The workflow state (selected course, assignment, rubric configuration, grading progress, individual submission results) must persist across sessions, survive interruptions, and remain consistent when the examiner navigates between steps non-linearly.

The initial implementation stored this state in the Flask session. This worked for simple cases but failed when the state grew large (rubric configurations with dozens of checks, grading results for hundreds of submissions) or when the examiner switched devices. The current implementation stores workflow state in the database, keyed by assignment ID, with version tracking to detect and resolve conflicts.

What examiners actually do

The design of the wizard was informed by observing how examiners actually use Canvas for grading, rather than how the documentation suggests they should use it.

Examiners grade in batches, not all at once. A typical pattern is to grade 30 to 50 submissions in a session, then stop and continue later. The workflow must support partial completion and resumption without data loss.

Examiners compare submissions. When uncertain about a mark, examiners frequently compare the current submission against others they have already graded. The review step in AEMS supports this by providing access to previously graded submissions alongside the current one.

Examiners change their minds. After grading 100 submissions, an examiner might realise that a rubric check is too strict or too lenient. The ability to adjust a check and re-run only the affected grading (without repeating vision extraction) is not a convenience feature. It is a requirement for practical use.

Examiners work late.

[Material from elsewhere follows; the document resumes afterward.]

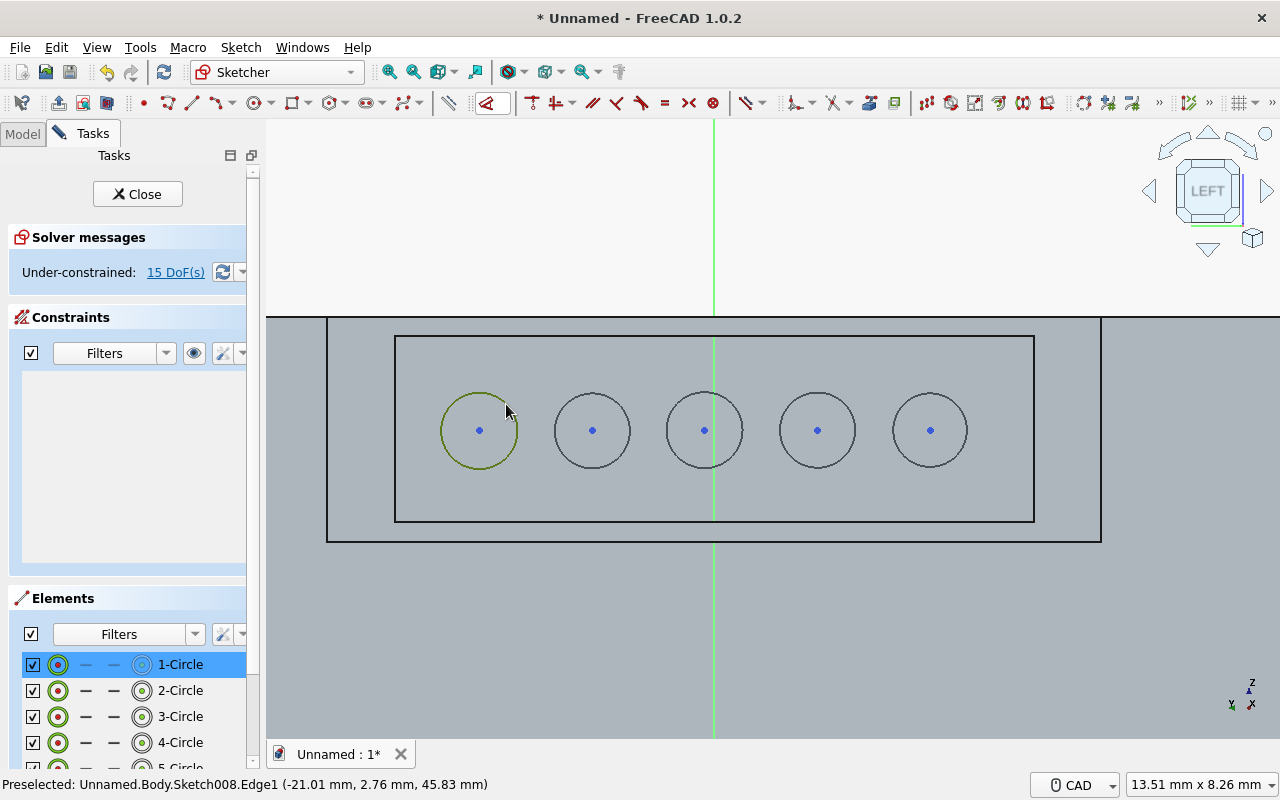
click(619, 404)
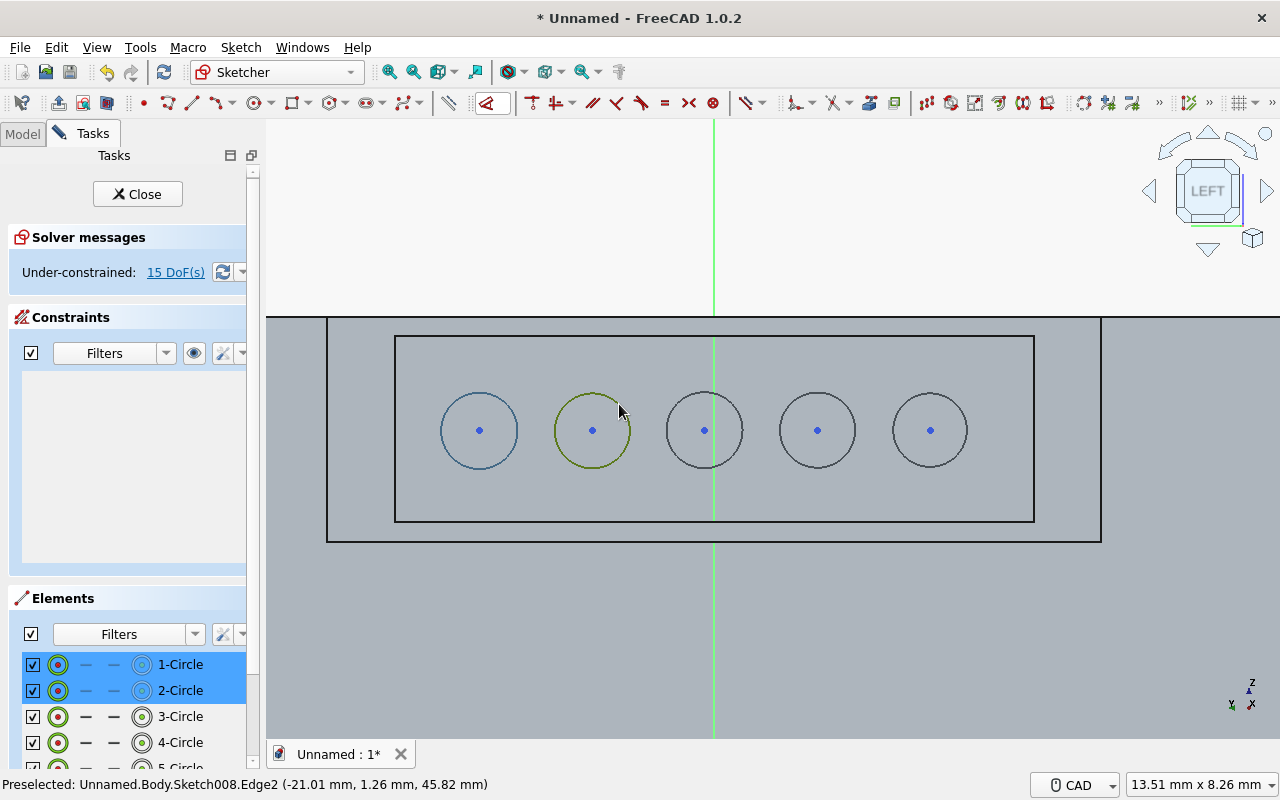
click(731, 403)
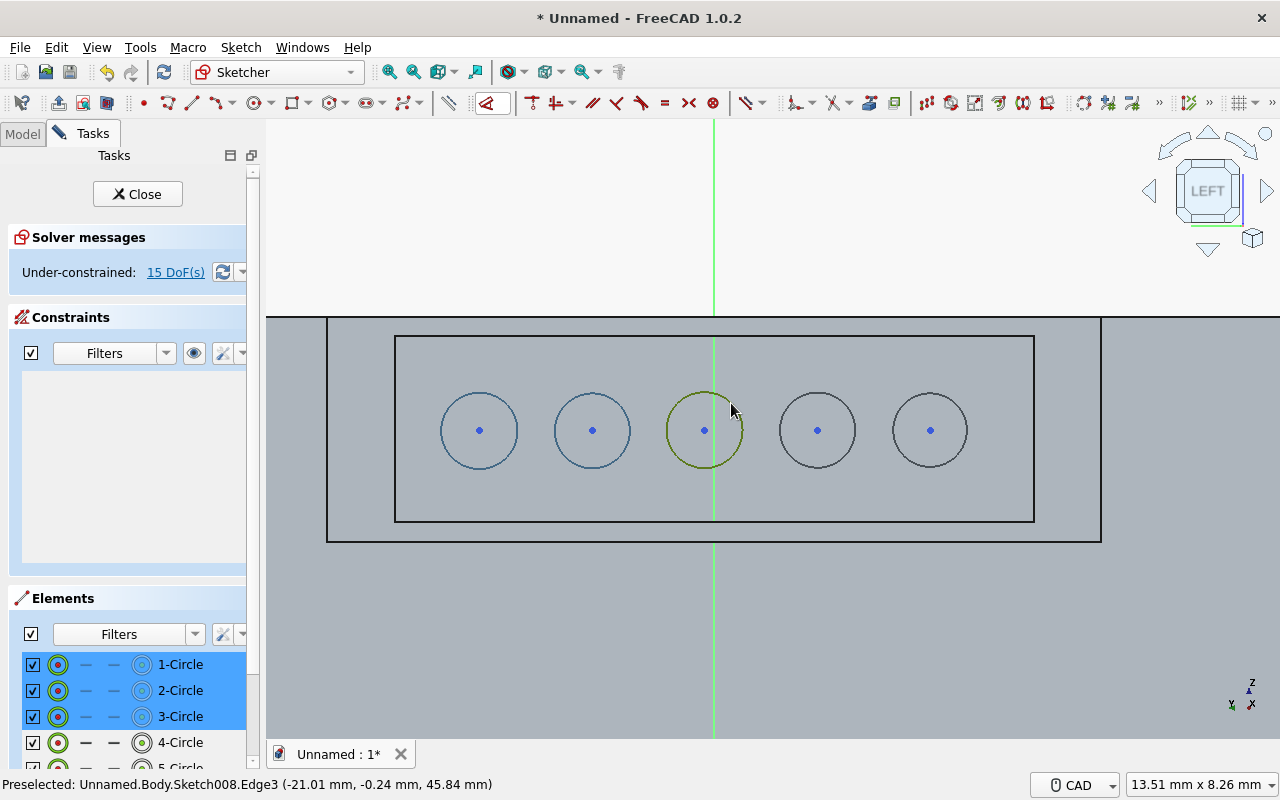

A non-trivial proportion of grading happens in the evening, often under time pressure before a reporting deadline. Error messages must be clear, recovery from failures must be automatic, and the system must never lose work. This last point drove the decision to save grading state after every individual submission, not at the end of a batch.

The 198KB file

A confession about the engineering. The Canvas workflow module grew organically over several months of iteration. By the time it was feature-complete, the main workflow file was 198KB and contained over 5,000 lines of Python. It handled routing, form processing, API calls, state management, error handling, and progress tracking in a single file.

This was technically debt that I am still paying down. The current refactoring has extracted the workflow into 34 modular files organised by concern (grading, persistence, progress tracking, OCR, internationalisation). The legacy file still exists alongside the new structure during the migration. It serves as a reminder that “ship it and refactor later” is a valid strategy, but “later” always arrives.

Training mode

One feature that proved unexpectedly valuable is training mode. When enabled, the entire grading workflow runs exactly as it would in production, but the final step (publishing grades to Canvas) is simulated rather than executed. The examiner sees a complete preview of what would be posted, including annotated PDFs, proposed marks, and feedback text.

Training mode serves two purposes. First, it allows new users to learn the system without risk. Second, it allows experienced users to validate a rubric against a full batch of submissions before committing to the results. Several examiners have reported that their first training mode run revealed rubric problems they had not anticipated, which they corrected before the real grading pass.

The implementation cost was minimal (a single flag that bypasses the Canvas API write call), but the value for user confidence was substantial.